§ Task
Among the entries beneath this sentence, how many lines include the word "statistics"? Only the number is wanted.

━━━ Provided data

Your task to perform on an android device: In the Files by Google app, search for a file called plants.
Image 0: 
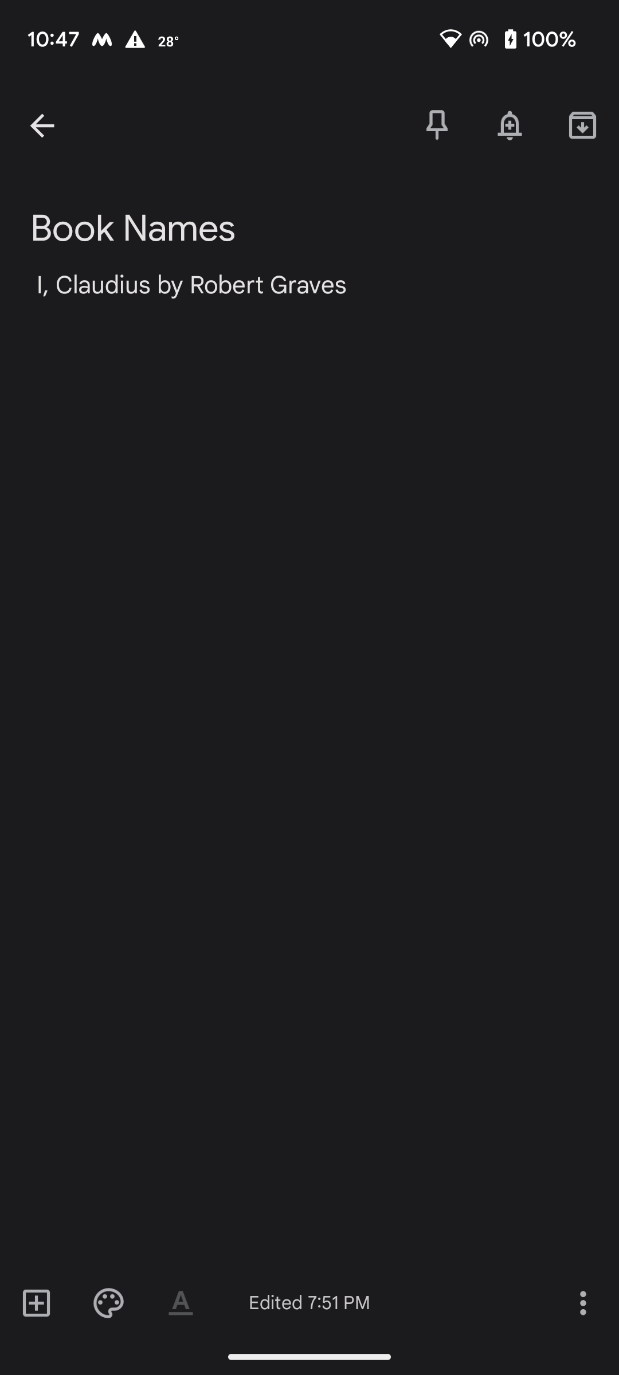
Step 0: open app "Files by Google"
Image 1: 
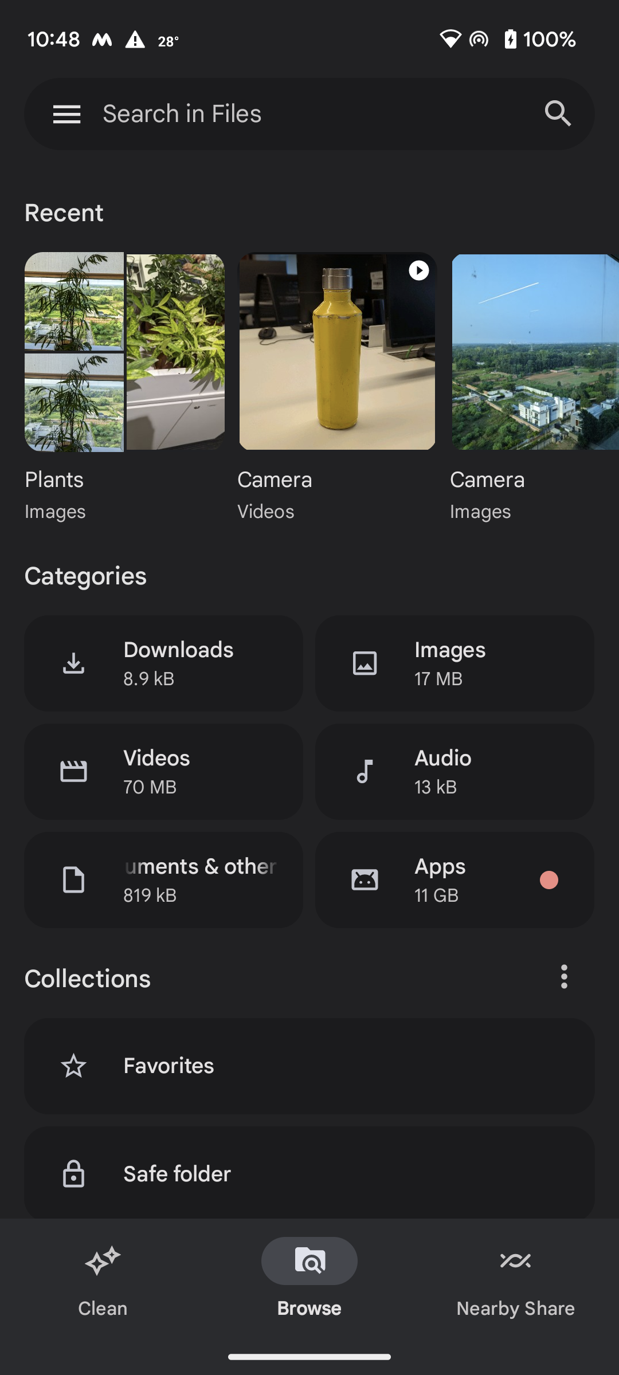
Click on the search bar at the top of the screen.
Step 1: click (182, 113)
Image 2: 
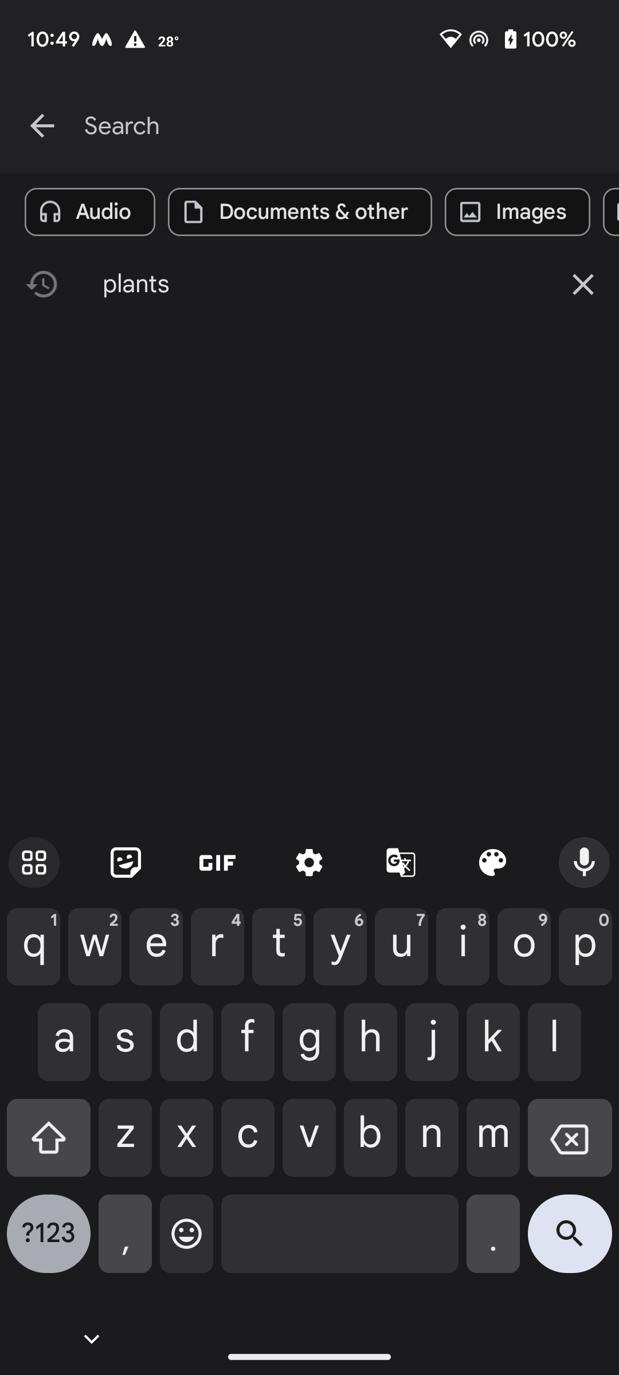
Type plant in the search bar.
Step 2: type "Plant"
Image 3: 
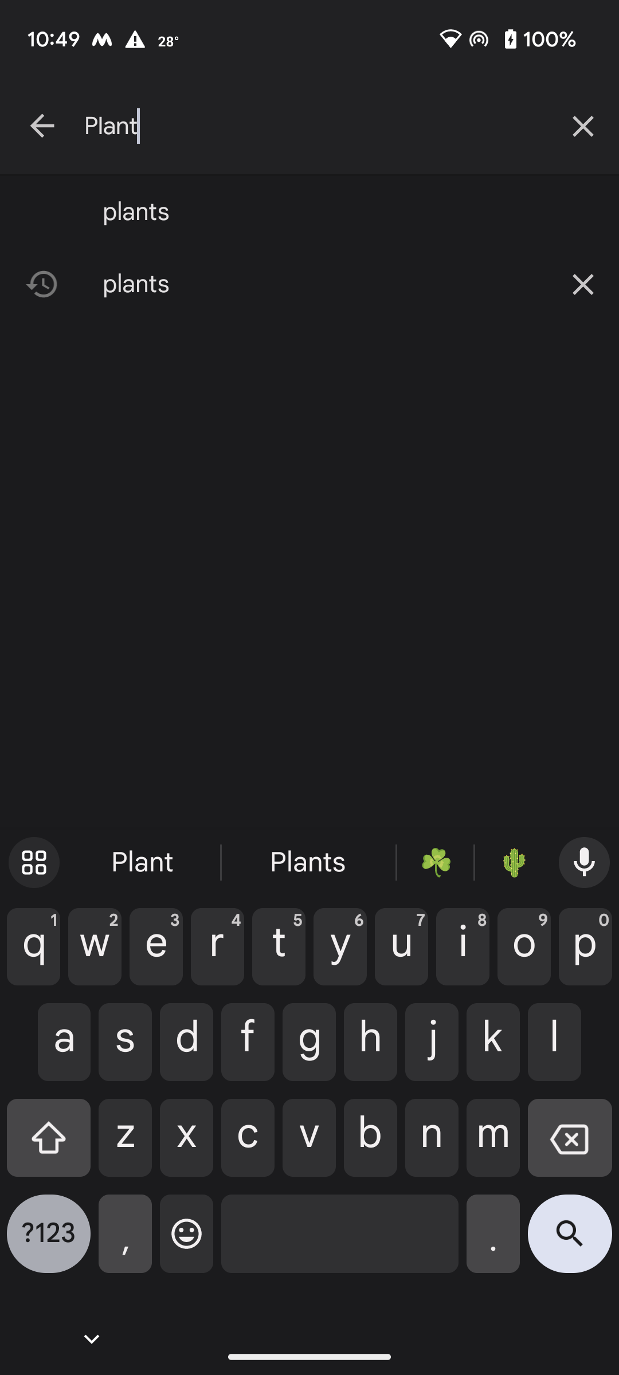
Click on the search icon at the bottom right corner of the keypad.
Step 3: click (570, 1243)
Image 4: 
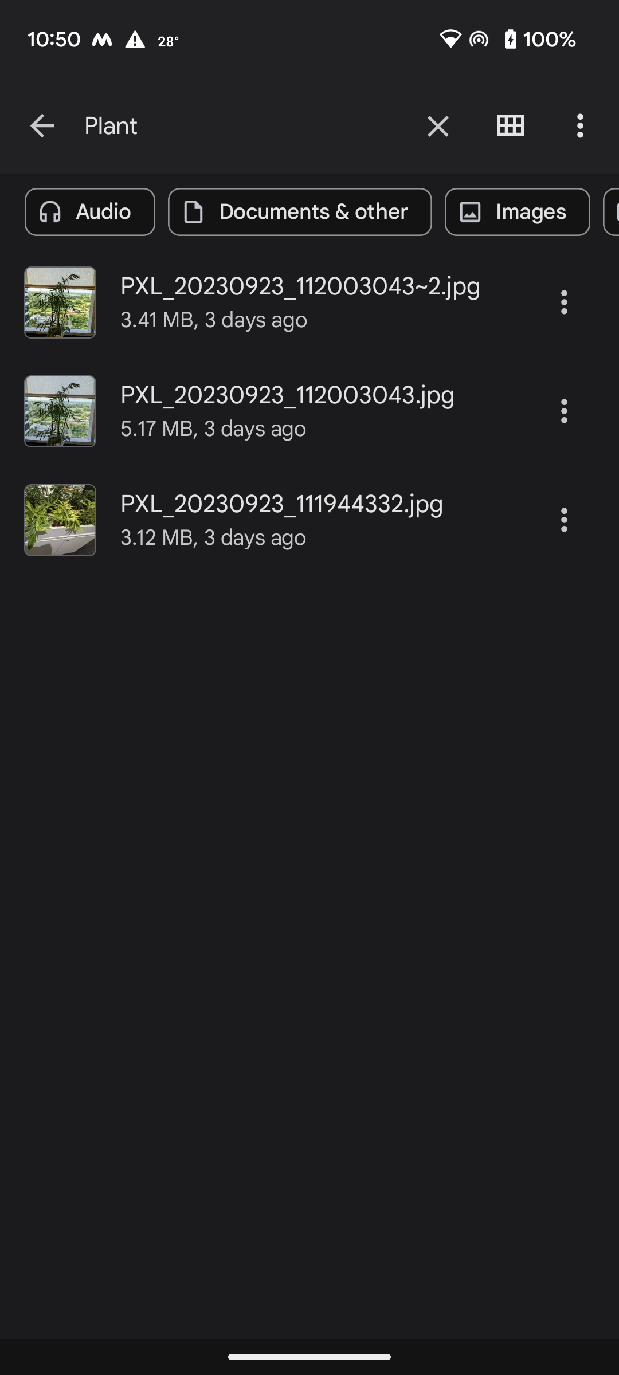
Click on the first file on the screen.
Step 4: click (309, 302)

━━━━━━
━━━ Provided data

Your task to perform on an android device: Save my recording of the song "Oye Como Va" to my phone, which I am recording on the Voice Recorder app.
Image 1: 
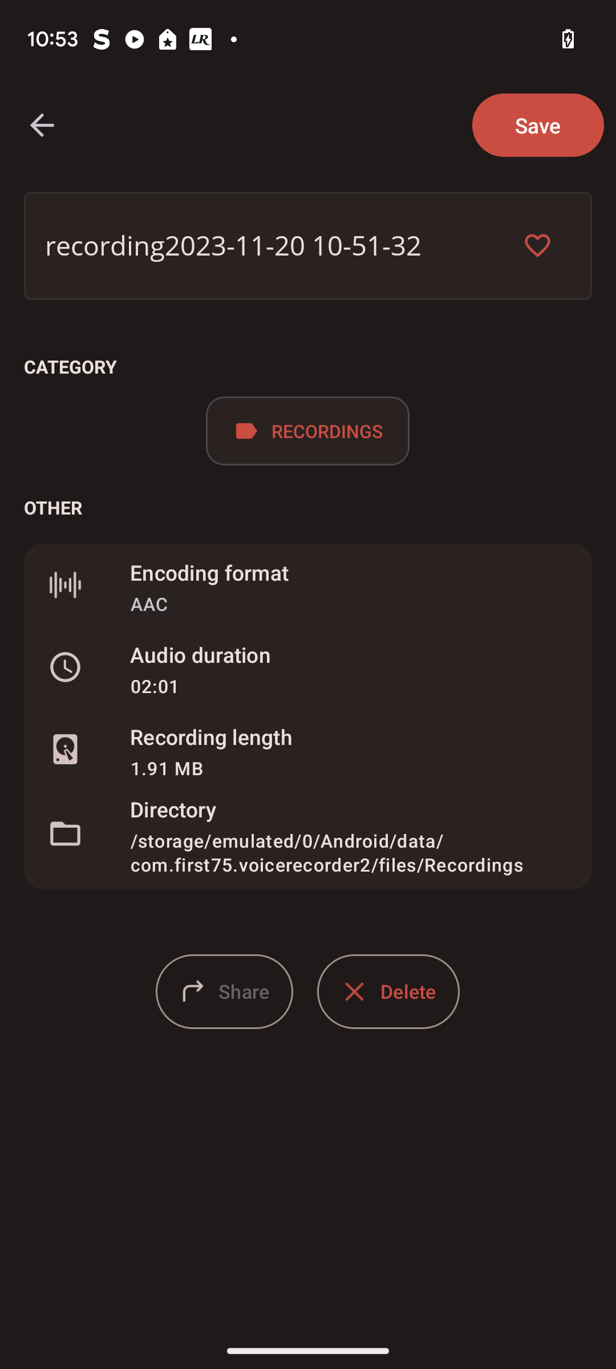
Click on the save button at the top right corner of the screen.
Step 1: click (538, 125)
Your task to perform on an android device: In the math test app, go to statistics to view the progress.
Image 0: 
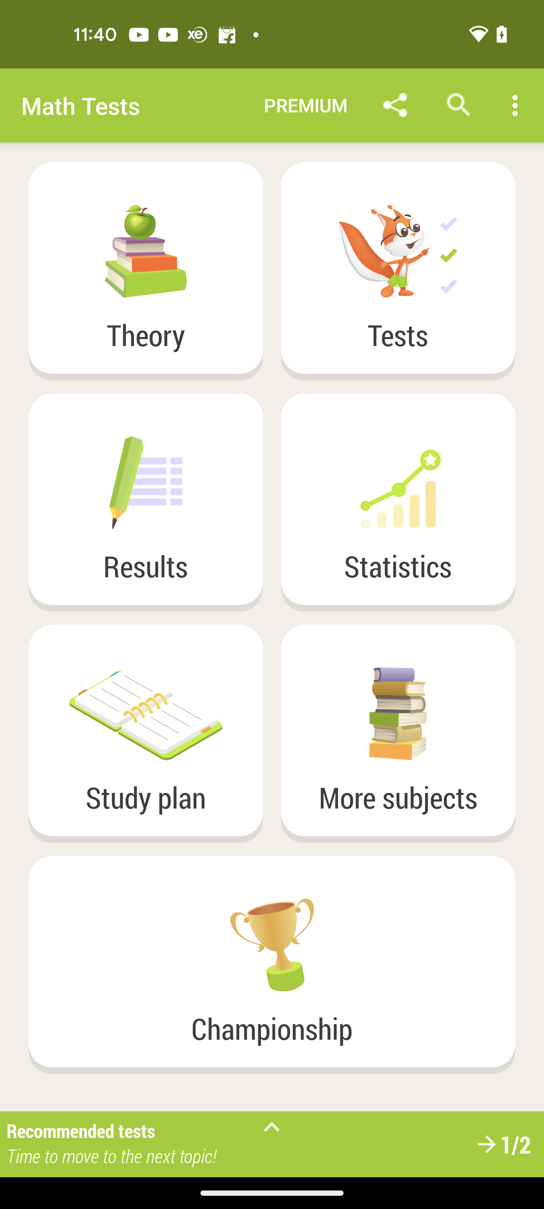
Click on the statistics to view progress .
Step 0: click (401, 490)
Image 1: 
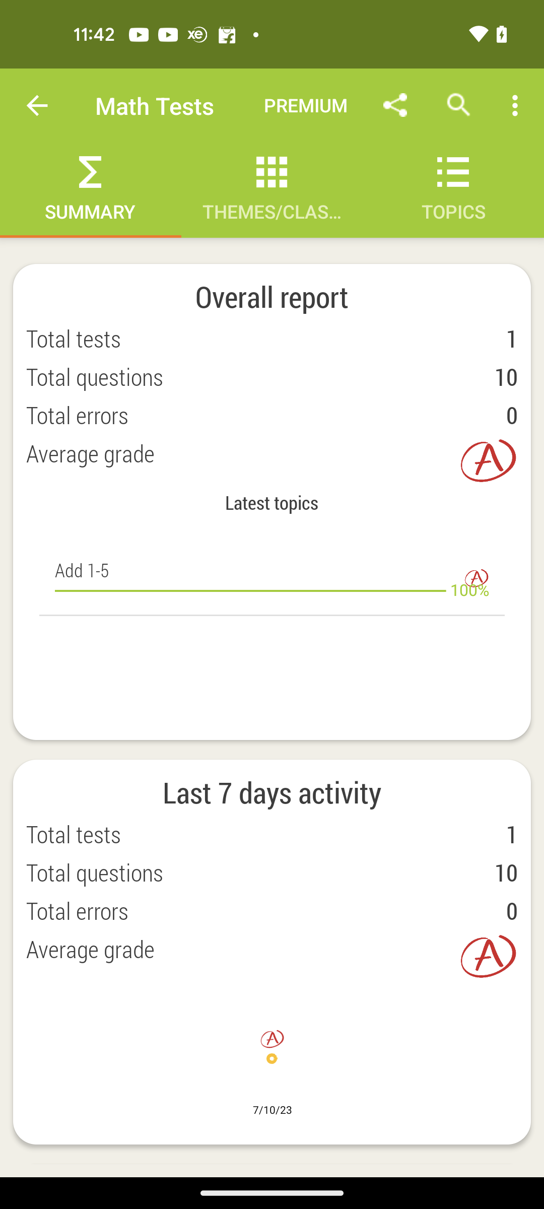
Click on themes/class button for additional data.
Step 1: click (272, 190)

━━━━━━
━━━ Provided data

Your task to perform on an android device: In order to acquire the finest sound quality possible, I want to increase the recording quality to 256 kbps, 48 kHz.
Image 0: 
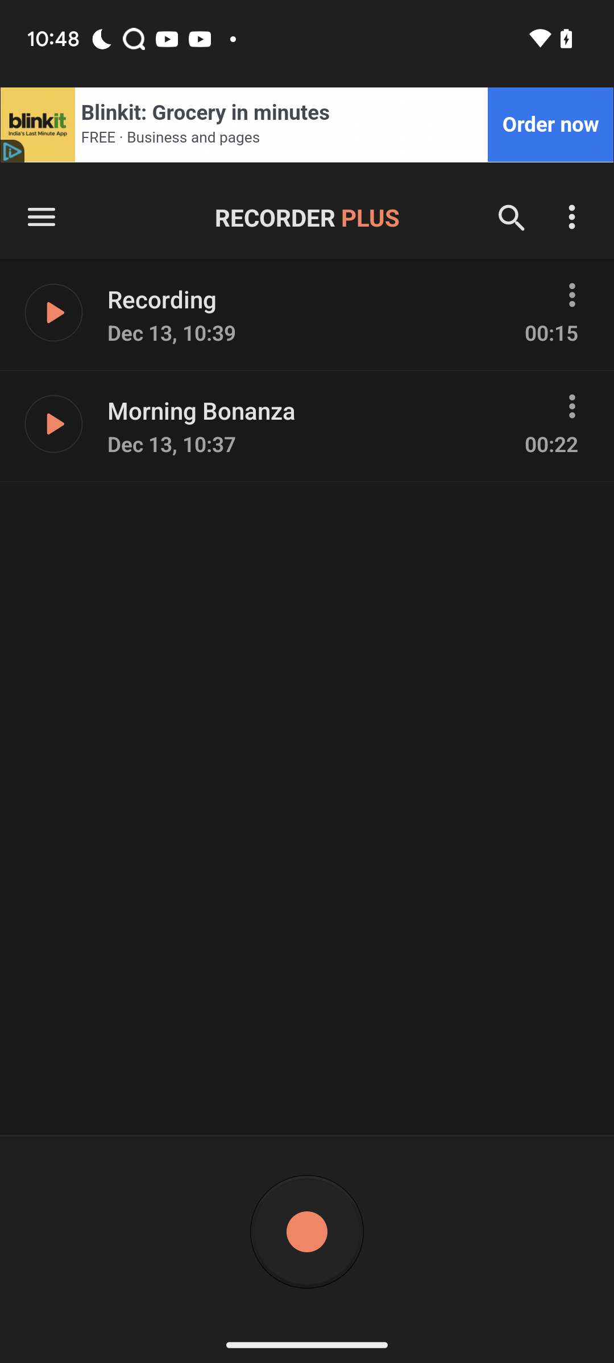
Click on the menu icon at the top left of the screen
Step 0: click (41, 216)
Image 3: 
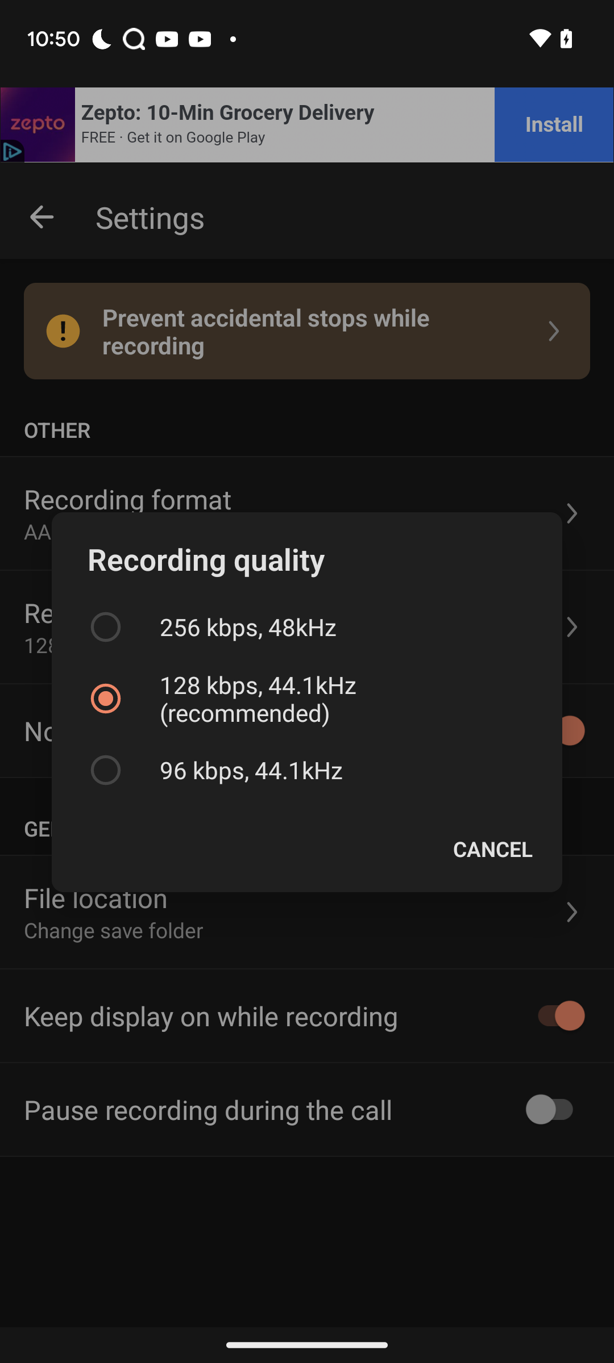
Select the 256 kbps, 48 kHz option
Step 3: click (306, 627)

━━━━━━

§ Your solution
2